Aujourd’hui avec Isabelle Garcia, directrice de la réponse SNCF au premier appel d’offres ferroviaire en France. Diplômée de l’Ecole des Mines, elle a travaillé en Afrique du Sud et en Argentine avant d’intégrer la SNCF. Elle est aussi administratrice indépendante d’entreprises et lauréate du Choiseul 100 depuis 2019.

Redonner confiance dans les transports en commun est primordial !

La SNCF s’est fortement mobilisée dans la lutte contre l’épidémie ; pourriez-vous citer quelques exemples l’illustrant ?

Effectivement toutes les activités de la SNCF se sont mobilisées durant ce confinement. Notre contribution la plus médiatisée est bien entendu les TGV médicalisés qui ont permis de transporter plus de 200 malades. Cette opération « Chardon » initialement imaginée avec le SAMU en 2019 dans le but d’évacuer des blessés vers Paris si un attentat survenait à Metz, a finalement été mise en œuvre pour diminuer la pression sur le système sanitaire des régions les plus affectées. C’est une de plus grandes fiertés partagées par tous les femmes et les hommes cheminots que d’avoir pu mettre notre savoir-faire au service de ceux qui mettent le leur afin de sauver nos vies. Ce que je retiens aussi de cette opération est que souvent, les plans que l’on peut imaginer pour l’avenir ne se déroulent que rarement tels quels ; en revanche, la planification est un exercice qui nous aide à nous adapter vite et à développer notre résilience. Sans avoir travaillé cette organisation avec le SAMU auparavant, nous n’aurions pas pu la mettre à exécution en aussi peu de temps. Si vous souhaitez découvrir toutes les coulisses de ces TGV médicalisés, je vous partage la vidéo ici.

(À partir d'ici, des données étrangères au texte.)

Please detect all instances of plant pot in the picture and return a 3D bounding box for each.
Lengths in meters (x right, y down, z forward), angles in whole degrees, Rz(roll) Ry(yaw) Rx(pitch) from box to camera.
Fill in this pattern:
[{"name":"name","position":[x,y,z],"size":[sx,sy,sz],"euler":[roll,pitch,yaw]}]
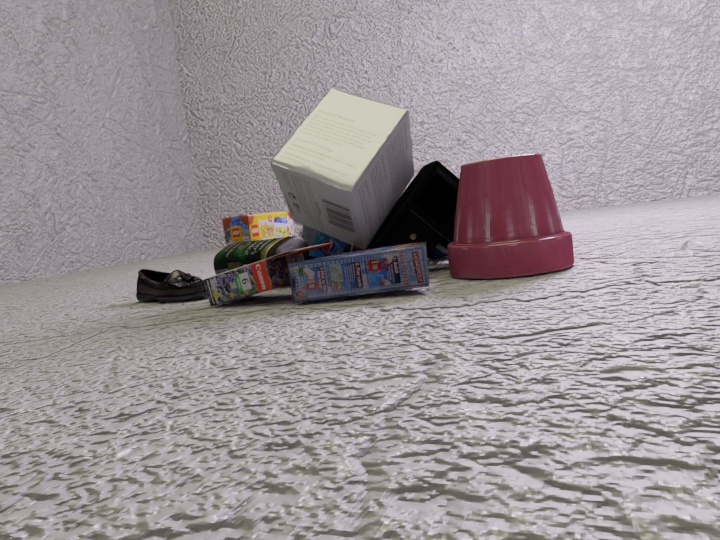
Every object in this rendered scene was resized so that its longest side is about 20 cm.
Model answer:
[{"name":"plant pot","position":[0.235,-0.089,0.900],"size":[0.199,0.180,0.200],"euler":[-7,7,1]}]

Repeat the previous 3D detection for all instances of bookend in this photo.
[{"name":"bookend","position":[0.144,-0.061,1.035],"size":[0.200,0.199,0.092],"euler":[-52,10,-3]}]

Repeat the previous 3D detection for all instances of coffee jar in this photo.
[{"name":"coffee jar","position":[-0.197,-0.017,1.127],"size":[0.199,0.086,0.104],"euler":[-3,25,36]}]

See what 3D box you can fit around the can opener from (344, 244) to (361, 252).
[{"name":"can opener","position":[0.046,-0.034,1.162],"size":[0.199,0.064,0.079],"euler":[-6,26,31]}]

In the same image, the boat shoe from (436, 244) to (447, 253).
[{"name":"boat shoe","position":[0.146,-0.094,1.178],"size":[0.072,0.071,0.200],"euler":[-39,29,-18]}]

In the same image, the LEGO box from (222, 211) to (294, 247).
[{"name":"LEGO box","position":[-0.241,-0.065,1.370],"size":[0.077,0.150,0.200],"euler":[-5,7,24]}]

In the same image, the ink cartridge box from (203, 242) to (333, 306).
[{"name":"ink cartridge box","position":[-0.144,0.006,0.904],"size":[0.199,0.051,0.109],"euler":[-15,1,29]}]

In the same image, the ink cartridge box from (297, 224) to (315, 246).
[{"name":"ink cartridge box","position":[-0.071,-0.095,1.336],"size":[0.162,0.200,0.050],"euler":[-9,46,-16]}]

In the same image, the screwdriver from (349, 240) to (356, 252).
[{"name":"screwdriver","position":[-0.022,-0.028,1.033],"size":[0.029,0.028,0.200],"euler":[-28,-7,-5]}]

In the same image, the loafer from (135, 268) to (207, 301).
[{"name":"loafer","position":[-0.371,0.025,1.079],"size":[0.199,0.063,0.072],"euler":[-3,7,34]}]

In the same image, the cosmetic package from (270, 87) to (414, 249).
[{"name":"cosmetic package","position":[-0.022,-0.182,0.994],"size":[0.166,0.200,0.168],"euler":[23,-27,22]}]

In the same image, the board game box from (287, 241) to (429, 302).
[{"name":"board game box","position":[0.027,-0.002,0.859],"size":[0.199,0.062,0.200],"euler":[-6,5,27]}]

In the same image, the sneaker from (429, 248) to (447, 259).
[{"name":"sneaker","position":[0.236,-0.069,1.221],"size":[0.199,0.070,0.078],"euler":[-6,13,21]}]

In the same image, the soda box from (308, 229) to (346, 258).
[{"name":"soda box","position":[-0.060,-0.080,1.147],"size":[0.064,0.068,0.200],"euler":[17,18,-6]}]

Je salue aussi la mobilisation des équipes d’Intercités pour donner 3150 couettes des trains de nuit au SAMU de Paris pour les sans-abris. SNCF a aussi ouvert ses foyers pour accueillir des femmes sans abris et accordé la gratuité des transports aux soignants. Enfin, la SNCF via sa filiale FRET a assuré le transport de denrées alimentaires essentielles pendant cette période.

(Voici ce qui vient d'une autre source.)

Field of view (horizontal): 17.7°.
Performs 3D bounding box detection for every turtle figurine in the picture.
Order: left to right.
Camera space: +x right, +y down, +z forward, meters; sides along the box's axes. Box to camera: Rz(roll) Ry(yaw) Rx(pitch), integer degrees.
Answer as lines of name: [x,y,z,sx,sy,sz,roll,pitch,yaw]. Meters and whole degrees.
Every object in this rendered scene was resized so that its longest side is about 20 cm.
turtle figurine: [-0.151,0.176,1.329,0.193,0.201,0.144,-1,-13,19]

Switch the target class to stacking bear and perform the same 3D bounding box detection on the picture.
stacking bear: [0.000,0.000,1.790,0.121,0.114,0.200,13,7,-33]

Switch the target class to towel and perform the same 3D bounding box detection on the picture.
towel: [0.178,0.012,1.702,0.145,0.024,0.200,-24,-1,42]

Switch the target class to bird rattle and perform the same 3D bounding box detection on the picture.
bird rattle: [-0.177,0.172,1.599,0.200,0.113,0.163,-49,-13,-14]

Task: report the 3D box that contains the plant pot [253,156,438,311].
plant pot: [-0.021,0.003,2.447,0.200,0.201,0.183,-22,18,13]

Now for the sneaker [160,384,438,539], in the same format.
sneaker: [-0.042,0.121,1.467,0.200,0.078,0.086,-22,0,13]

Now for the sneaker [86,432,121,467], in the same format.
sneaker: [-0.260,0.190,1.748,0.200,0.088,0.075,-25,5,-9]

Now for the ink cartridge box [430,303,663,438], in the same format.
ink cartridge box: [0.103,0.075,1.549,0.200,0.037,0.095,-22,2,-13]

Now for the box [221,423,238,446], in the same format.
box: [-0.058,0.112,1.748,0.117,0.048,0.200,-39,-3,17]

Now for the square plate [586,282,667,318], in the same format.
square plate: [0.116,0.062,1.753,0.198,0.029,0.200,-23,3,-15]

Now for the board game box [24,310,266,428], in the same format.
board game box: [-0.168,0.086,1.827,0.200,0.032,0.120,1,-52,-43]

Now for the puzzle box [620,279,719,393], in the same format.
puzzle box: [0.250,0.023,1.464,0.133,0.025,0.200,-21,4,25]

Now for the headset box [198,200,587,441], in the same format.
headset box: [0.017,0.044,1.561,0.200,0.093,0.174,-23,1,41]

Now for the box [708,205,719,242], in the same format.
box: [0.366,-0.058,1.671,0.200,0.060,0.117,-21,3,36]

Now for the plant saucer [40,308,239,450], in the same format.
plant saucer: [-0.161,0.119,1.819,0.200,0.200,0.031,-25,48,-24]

Au-delà de la SNCF, nombre d’entreprises ont démontré une très grande solidarité. Quels sont les exemples qui vous ont le plus touchée ?

Ce qui m’a le plus touchée c’est de voir cet élan de solidarité et de générosité dans de nombreuses entreprises mais aussi à titre individuel, en tant que citoyen. À la sortie de cette crise, on pourra se féliciter d’avoir été respectueux des règles et proactif pour aider. On est souvent très critique envers notre société et on oublie de se féliciter quand cela le mérite.

Il y a évidemment des initiatives qui m’ont personnellement très touchée comme celle de la Poste qui a mis en place une plateforme pour que les professeurs y déposent les devoirs des élèves non équipés en PC et déconnectés numériquement. La Poste les imprime et leur livre. Cela aura sûrement permis de sauver du décrochage scolaire de nombreux enfants. Or, dans les milieux défavorisés, l’école est leur seul chemin pour tendre vers une vie plus douce.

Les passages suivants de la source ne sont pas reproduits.